Palliative Care And Prolonging Life: Have You Thought About Your Final Wishes?
This is going to sound weird but for some reason I really love those Colonial Penn-type life insurance commercials that feature parents talking to their kids about insurance policies and death and end-of-life wishes because they’re so real. I especially like the one with the Black girl who has the curly TWA and keeps telling her mom, “I don’t want to talk about this” as she tries to explain her plans for making sure her death isn’t a burden on the family when the time comes. Eventually, there’s a breakthrough and the daughter realizes the conversation is just precautionary planing rather than foreshadowing and I always think, if only more mothers, fathers, daughters, sons, husbands, and wives would have these talks.
This past weekend I found myself in the unfortunate situation of watching my grandfather and my dad and his three brothers attempt to decide the fate of my grandmother’s life. The Saturday before last she collapsed and went into cardiac arrest and, due to a lack of oxygen, now has very little brain activity outside of basic reflexes to pain stimuli and gagging on a ventilator. By the time I got in town, seven days had passed and her status hadn’t changed, which wasn’t necessarily good or bad. But be that as it may, it was time to make a decision. And though everyone had an opinion on what they would want for themselves and what they thought my grandmother would want, no one really knew because no one ever asked or had a conversation.
“She talked about wanting to go home” was all my grandmother’s brother had to offer in terms of last wishes and we all knew that meant she wanted to be buried back down south. That really didn’t answer the question that was trying to be decided in the moment which was, do we do everything we can to prolong her life — despite the dismal prognosis and the expectation of an even lower quality of life — or do we usher her on to rest in peace?
We had the medical opinion which told us that the likelihood of recovery after three days in a coma was slim, but that was juxtaposed with guilt over the fact that my grandmother was in this position to begin with and mounting grief over the thought that the last time each of us had with her pre-ICU would in fact be our last time together. And so, opinions continued to sway back and forth for days.
“Guess we’ll just have to wait and see” was the decision my grandfather announced when the doctor hesitantly told us it was possible — though not likely — my grandmother could wake up one day. And so the doctors moved forward with a tracheostomy to remove the ventilator that’s breathing for her and inserted a feeding tube to give her nutrients while my dad and I toured long-term acute care facilities for her to reside in after her procedure for the next three weeks to a month. Though the plan we’re currently operating under is at least some form of action, it likely doesn’t change the fact that a month from now we’ll all probably be in the same place: Deciding life or death for someone who should’ve decided for herself.

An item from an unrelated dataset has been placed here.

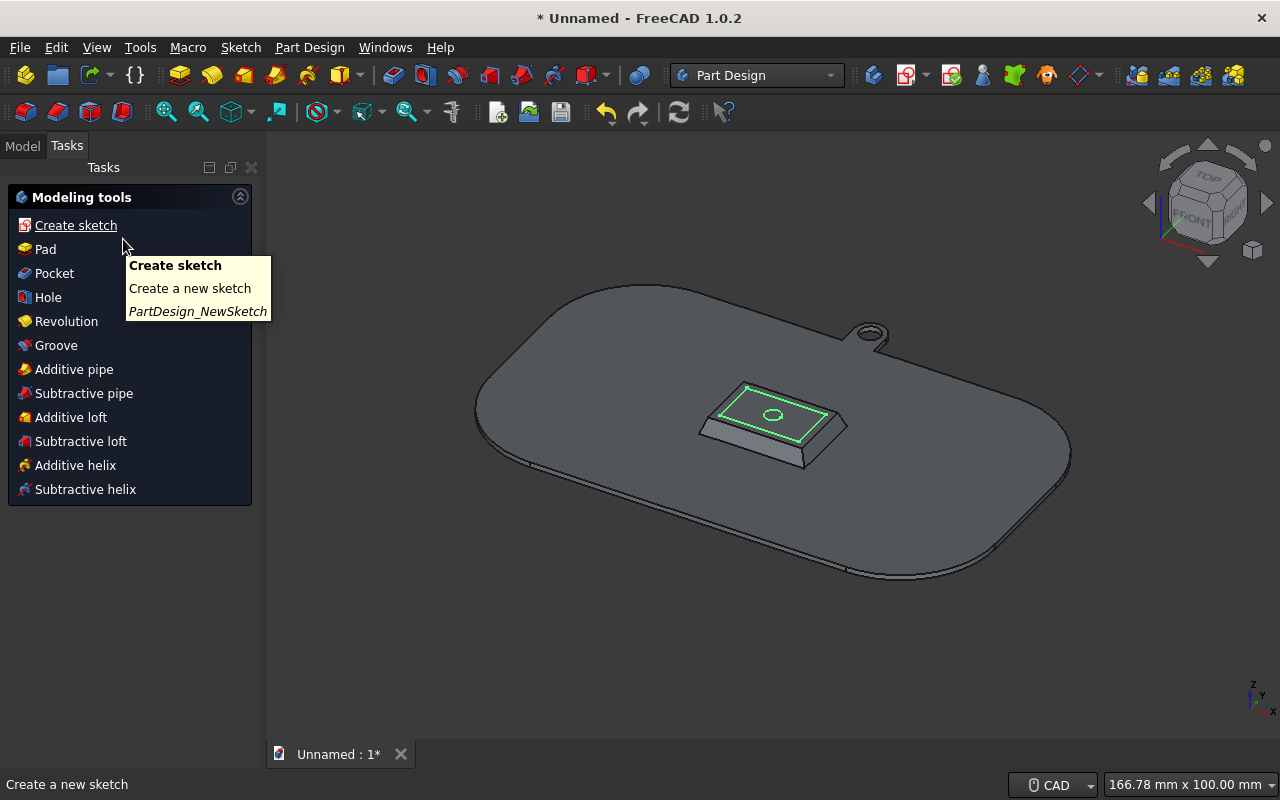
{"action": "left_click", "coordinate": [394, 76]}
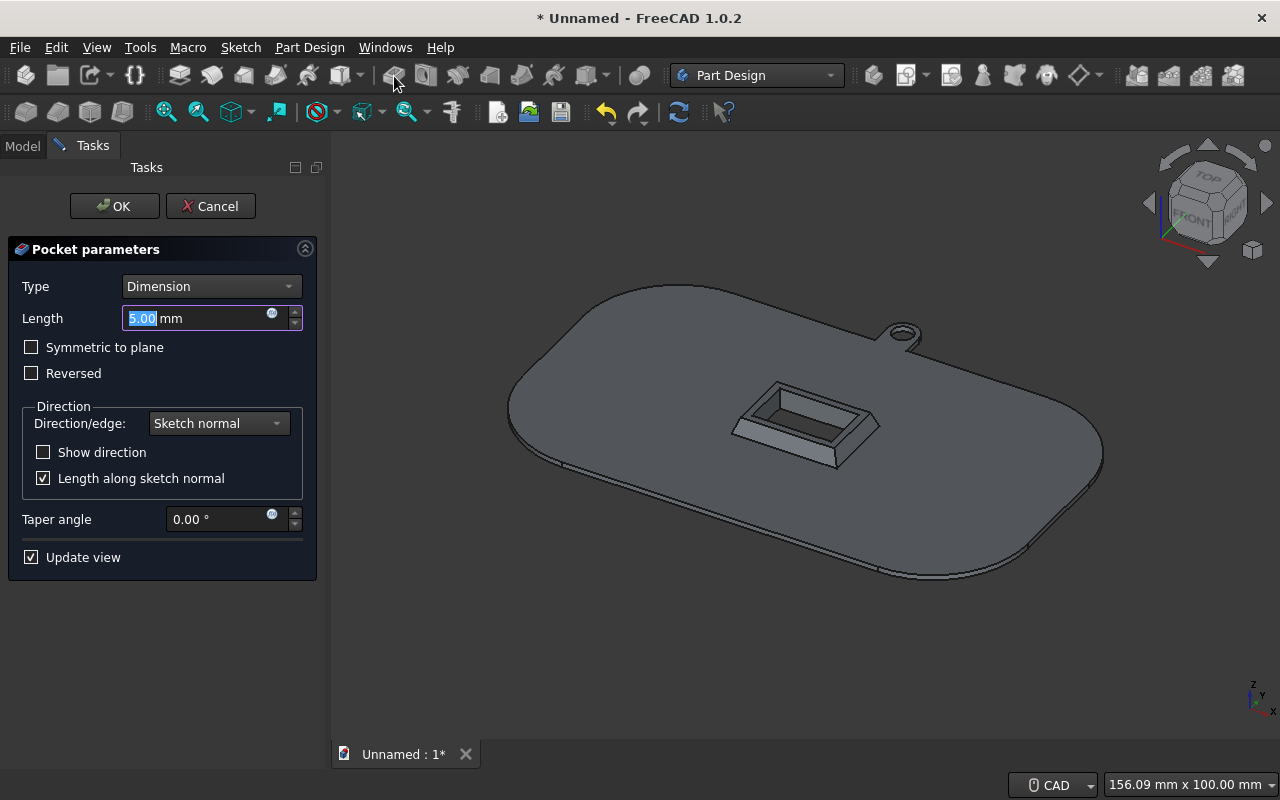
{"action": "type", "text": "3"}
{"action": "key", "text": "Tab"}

When I came back to my mom’s house and updated her on what’s going on, she told me in no uncertain terms she wouldn’t want to be in that condition, which gave me the answer that I need if, God forbid, I find myself in this same position with her. Hypocrite that I am, I didn’t share my wishes, mostly because despite all that I’ve witnessed I’m not totally certain what they are. At my age, I think I’d want my family to fight for me. But if my quality of life — namely my independence — would be strongly diminished, I’d lean more toward letting me go. Of course, all of these things are easier said than done but they are certainly worth some thought at any age or stage of life and, most importantly, absolutely worth sharing with those who will be faced with seeing to your care should the time come.